▶ _Instructions for the task_: From the entries below, return exactly the lines beginning at the one that contains "cartridge box <box>629,241,639,267</box>." and ending at the one that contains "Align a 3D cuboid with the keyboard", both of them included, and only those lines.

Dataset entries
.....

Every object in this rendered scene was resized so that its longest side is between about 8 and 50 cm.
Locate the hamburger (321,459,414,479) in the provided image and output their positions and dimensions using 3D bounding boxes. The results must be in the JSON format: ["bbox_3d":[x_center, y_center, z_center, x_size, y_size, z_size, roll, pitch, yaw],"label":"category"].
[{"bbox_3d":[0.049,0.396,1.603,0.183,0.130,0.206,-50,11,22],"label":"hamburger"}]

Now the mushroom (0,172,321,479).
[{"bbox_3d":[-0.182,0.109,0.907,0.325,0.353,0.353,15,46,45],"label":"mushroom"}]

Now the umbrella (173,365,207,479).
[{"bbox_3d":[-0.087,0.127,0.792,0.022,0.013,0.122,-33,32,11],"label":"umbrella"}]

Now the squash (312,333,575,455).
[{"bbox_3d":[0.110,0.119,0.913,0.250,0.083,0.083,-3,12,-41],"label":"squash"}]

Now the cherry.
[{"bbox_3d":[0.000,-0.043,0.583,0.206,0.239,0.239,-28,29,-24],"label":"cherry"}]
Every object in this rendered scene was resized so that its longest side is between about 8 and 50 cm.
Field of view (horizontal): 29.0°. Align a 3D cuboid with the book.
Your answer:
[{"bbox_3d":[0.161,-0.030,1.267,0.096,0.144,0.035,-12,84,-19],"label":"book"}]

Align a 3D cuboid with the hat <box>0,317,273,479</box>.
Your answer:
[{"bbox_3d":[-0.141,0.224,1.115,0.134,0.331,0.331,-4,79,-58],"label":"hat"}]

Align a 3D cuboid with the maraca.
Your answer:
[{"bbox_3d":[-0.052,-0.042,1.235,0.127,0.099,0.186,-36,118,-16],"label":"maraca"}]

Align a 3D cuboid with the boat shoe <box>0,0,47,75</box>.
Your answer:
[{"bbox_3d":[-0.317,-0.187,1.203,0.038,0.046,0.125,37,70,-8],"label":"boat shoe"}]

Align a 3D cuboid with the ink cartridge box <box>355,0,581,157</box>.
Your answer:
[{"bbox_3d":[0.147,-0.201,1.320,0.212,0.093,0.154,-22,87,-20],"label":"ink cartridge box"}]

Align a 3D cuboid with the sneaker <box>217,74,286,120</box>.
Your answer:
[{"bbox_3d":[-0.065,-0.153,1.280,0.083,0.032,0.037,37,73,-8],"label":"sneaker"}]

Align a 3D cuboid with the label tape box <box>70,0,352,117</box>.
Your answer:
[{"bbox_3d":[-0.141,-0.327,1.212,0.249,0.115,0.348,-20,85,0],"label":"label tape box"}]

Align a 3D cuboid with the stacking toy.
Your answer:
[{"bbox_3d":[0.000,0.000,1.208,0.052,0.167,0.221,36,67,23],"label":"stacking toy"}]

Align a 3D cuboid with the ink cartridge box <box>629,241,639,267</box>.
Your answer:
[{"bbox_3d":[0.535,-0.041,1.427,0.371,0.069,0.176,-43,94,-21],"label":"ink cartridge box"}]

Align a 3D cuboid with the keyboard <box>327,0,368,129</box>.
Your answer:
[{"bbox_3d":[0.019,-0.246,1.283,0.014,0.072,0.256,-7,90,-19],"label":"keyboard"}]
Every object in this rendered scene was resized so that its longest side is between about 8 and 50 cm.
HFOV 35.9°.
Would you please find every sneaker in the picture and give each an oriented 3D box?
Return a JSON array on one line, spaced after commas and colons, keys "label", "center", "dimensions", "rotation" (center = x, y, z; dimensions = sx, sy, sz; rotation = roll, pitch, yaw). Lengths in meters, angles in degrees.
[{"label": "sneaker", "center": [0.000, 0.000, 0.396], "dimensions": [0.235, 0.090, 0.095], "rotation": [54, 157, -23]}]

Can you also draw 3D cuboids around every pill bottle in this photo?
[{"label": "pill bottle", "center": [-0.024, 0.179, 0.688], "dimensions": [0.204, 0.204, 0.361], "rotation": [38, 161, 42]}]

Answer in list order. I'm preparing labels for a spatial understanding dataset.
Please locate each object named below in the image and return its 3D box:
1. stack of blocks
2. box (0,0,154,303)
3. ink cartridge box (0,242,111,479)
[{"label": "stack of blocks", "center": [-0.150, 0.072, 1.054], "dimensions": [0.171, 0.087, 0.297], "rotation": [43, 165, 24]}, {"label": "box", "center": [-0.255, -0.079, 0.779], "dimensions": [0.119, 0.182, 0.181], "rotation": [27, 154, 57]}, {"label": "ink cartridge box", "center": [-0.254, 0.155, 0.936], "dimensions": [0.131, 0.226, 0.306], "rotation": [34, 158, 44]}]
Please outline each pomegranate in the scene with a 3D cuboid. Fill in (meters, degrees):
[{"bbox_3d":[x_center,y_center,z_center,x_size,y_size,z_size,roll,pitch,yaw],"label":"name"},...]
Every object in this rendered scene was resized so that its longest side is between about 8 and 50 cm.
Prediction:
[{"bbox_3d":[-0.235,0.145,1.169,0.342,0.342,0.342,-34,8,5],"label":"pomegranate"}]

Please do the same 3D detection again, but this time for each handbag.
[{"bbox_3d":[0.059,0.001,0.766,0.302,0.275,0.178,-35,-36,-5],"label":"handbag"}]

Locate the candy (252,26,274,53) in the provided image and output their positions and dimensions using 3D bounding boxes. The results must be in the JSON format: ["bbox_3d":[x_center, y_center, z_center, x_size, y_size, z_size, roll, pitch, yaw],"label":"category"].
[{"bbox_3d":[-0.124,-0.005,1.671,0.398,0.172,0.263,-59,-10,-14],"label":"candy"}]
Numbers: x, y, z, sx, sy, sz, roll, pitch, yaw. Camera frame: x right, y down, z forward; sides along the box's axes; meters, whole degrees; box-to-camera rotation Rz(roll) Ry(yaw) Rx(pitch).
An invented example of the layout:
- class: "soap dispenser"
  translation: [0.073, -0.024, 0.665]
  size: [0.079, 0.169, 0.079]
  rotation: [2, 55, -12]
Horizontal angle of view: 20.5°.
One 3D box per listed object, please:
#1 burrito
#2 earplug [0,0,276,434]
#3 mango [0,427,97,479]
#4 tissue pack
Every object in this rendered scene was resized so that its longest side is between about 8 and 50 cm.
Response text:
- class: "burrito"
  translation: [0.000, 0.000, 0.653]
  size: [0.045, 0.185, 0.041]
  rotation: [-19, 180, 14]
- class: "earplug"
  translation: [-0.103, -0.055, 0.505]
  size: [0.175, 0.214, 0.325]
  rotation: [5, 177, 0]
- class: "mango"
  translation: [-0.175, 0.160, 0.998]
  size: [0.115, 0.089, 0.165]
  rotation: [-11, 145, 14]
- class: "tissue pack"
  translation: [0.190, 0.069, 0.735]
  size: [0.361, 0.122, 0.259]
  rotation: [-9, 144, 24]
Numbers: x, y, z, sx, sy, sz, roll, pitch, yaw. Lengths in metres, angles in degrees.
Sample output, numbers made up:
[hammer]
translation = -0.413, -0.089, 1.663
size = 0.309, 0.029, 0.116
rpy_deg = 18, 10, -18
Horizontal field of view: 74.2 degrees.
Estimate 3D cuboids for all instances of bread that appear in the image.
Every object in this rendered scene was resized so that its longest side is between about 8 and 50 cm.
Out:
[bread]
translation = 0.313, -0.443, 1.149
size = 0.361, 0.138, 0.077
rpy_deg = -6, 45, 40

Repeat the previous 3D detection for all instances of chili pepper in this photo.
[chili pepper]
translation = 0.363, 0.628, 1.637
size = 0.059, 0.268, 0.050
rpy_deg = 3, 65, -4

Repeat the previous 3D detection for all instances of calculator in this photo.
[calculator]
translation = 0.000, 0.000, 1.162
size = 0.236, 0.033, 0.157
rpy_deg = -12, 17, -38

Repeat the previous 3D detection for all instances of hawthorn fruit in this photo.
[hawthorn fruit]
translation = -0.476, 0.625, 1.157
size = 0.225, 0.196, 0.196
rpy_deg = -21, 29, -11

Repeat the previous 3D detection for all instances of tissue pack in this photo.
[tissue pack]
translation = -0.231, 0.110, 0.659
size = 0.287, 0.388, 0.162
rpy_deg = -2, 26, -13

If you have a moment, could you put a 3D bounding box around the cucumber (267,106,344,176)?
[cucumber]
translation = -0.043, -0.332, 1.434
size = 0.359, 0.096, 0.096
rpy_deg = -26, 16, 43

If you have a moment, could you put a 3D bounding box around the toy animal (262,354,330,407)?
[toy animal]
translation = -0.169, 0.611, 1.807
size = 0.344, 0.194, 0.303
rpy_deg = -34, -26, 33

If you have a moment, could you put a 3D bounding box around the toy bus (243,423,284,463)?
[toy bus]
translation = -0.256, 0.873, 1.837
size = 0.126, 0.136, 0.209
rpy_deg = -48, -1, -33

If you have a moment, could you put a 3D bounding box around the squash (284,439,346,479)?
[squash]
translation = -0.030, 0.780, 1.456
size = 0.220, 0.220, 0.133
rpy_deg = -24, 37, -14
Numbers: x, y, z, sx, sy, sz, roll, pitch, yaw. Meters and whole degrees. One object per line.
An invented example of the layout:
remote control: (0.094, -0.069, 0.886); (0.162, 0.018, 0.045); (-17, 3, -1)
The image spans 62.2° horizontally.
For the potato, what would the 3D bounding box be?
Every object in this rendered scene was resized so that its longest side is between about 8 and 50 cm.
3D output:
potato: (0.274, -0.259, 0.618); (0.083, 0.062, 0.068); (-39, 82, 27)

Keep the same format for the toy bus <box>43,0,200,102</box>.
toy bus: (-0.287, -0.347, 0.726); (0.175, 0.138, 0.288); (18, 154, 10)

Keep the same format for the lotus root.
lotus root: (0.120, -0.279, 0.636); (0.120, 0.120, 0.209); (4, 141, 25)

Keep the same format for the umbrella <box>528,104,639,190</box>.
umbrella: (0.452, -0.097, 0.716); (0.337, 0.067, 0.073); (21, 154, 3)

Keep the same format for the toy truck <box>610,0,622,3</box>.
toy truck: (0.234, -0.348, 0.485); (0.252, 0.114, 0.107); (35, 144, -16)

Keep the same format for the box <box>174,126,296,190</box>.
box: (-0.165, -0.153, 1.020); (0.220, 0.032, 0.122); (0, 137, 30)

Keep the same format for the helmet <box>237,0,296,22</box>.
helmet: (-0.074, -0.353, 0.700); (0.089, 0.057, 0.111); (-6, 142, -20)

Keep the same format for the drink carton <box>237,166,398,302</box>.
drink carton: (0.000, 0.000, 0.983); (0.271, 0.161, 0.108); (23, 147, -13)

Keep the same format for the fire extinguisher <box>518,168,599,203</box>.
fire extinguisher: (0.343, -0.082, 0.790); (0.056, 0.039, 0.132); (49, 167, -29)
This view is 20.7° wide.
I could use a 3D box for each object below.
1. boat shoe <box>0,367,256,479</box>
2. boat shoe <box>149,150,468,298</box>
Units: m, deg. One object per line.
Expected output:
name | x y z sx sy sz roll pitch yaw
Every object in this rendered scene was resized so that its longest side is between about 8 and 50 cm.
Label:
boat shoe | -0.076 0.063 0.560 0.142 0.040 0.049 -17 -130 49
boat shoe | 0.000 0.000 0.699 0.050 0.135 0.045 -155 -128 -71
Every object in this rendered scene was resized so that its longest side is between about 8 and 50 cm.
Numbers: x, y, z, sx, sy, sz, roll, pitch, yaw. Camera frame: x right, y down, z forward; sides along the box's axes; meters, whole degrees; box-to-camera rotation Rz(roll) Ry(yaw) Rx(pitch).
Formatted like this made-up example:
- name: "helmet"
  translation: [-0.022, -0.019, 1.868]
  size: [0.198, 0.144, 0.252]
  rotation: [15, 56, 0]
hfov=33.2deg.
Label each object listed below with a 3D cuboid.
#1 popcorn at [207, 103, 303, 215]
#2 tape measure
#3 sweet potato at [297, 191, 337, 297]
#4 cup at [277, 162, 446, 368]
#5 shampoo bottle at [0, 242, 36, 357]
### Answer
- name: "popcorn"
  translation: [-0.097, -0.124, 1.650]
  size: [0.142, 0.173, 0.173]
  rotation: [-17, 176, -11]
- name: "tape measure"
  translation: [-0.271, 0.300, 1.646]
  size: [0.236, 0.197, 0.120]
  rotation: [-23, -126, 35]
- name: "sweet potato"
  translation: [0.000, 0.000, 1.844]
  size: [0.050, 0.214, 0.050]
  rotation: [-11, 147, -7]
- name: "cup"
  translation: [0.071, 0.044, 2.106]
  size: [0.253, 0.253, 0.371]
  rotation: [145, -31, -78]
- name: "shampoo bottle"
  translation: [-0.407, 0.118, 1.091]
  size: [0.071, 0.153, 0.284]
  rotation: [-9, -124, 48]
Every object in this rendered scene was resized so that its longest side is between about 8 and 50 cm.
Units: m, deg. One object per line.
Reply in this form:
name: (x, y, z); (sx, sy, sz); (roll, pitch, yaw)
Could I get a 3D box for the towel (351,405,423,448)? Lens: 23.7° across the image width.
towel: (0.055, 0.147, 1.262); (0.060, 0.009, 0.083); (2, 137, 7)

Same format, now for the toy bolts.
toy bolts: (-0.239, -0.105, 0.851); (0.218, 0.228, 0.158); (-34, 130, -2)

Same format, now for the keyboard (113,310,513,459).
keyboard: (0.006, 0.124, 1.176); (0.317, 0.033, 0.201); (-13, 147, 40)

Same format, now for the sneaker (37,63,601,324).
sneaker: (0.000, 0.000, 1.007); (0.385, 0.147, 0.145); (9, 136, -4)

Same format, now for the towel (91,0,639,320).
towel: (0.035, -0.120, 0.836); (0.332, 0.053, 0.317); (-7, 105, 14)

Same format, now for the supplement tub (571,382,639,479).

.....

▶ _Your response_:
Align a 3D cuboid with the ink cartridge box <box>629,241,639,267</box>.
Your answer:
[{"bbox_3d":[0.535,-0.041,1.427,0.371,0.069,0.176,-43,94,-21],"label":"ink cartridge box"}]

Align a 3D cuboid with the keyboard <box>327,0,368,129</box>.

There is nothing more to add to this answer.